[Source information]
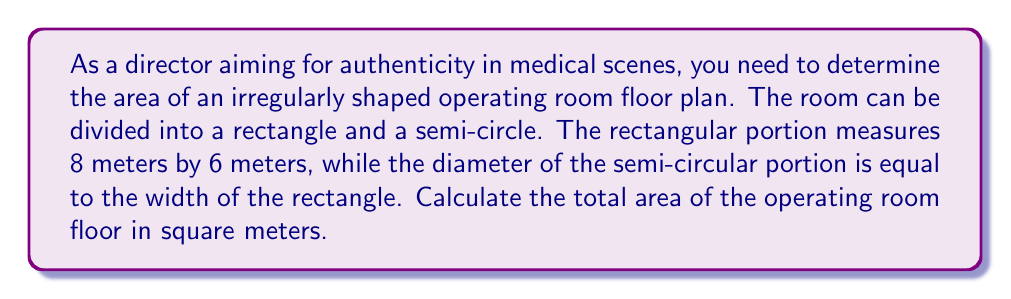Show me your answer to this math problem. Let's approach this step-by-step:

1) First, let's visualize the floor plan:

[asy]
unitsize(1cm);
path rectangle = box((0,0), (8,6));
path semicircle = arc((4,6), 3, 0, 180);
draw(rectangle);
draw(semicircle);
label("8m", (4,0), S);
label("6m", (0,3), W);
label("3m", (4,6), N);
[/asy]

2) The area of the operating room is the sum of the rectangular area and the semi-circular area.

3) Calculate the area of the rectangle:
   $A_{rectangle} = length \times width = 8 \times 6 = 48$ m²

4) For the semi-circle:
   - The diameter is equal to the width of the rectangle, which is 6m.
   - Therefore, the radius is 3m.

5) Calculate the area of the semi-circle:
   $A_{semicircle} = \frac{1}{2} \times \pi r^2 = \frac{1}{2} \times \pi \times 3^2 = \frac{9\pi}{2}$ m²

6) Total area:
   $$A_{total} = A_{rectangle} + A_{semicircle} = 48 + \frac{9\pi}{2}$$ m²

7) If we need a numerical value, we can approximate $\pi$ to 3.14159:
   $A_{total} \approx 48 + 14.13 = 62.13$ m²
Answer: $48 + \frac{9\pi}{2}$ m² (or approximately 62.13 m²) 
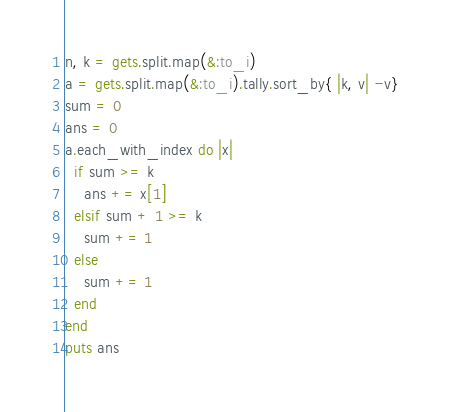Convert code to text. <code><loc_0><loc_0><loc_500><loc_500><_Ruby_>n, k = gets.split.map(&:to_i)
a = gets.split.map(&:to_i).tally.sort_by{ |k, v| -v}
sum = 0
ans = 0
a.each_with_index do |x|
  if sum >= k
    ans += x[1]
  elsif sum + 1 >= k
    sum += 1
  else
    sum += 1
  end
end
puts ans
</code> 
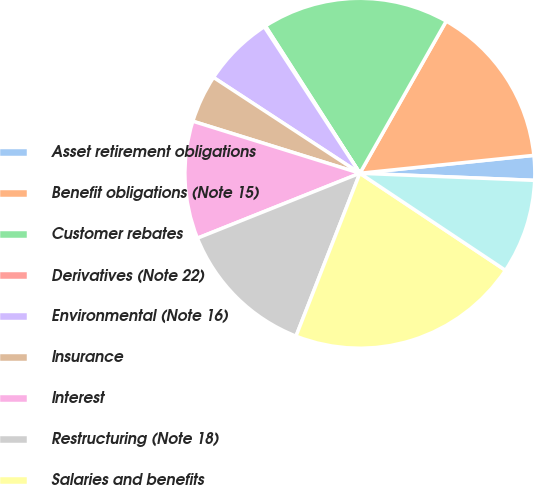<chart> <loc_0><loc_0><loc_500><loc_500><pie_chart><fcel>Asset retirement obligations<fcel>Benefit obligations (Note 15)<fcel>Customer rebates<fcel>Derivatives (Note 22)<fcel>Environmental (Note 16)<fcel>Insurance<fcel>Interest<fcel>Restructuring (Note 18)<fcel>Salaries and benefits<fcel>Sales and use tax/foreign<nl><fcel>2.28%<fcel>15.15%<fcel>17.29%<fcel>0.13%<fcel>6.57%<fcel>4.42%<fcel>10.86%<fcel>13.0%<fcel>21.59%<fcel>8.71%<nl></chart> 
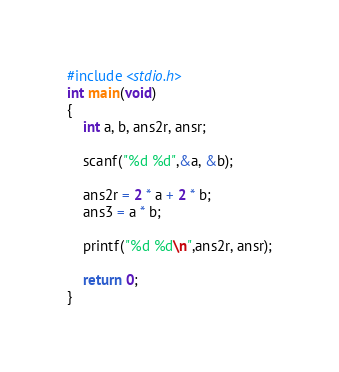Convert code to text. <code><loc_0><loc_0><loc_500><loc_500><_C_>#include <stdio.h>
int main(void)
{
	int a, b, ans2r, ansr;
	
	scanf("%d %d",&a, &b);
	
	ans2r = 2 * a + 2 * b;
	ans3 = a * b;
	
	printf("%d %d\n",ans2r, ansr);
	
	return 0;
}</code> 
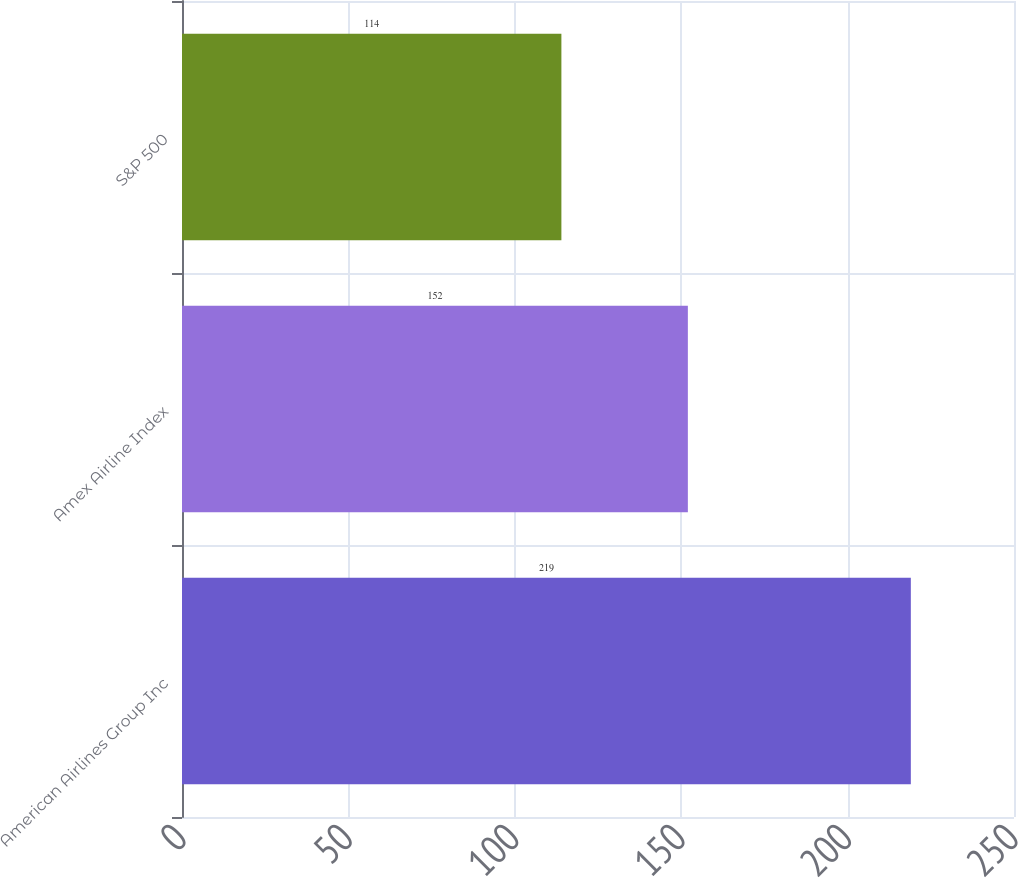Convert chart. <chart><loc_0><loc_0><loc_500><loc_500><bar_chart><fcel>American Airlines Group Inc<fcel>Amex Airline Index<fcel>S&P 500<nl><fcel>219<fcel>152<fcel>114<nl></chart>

[What needs to be done]
Your answer should be every line from the material above in which the word "area" appears.

[Answer space]
2) The area of the operating room is the sum of the rectangular area and the semi-circular area.
3) Calculate the area of the rectangle:
5) Calculate the area of the semi-circle:
6) Total area:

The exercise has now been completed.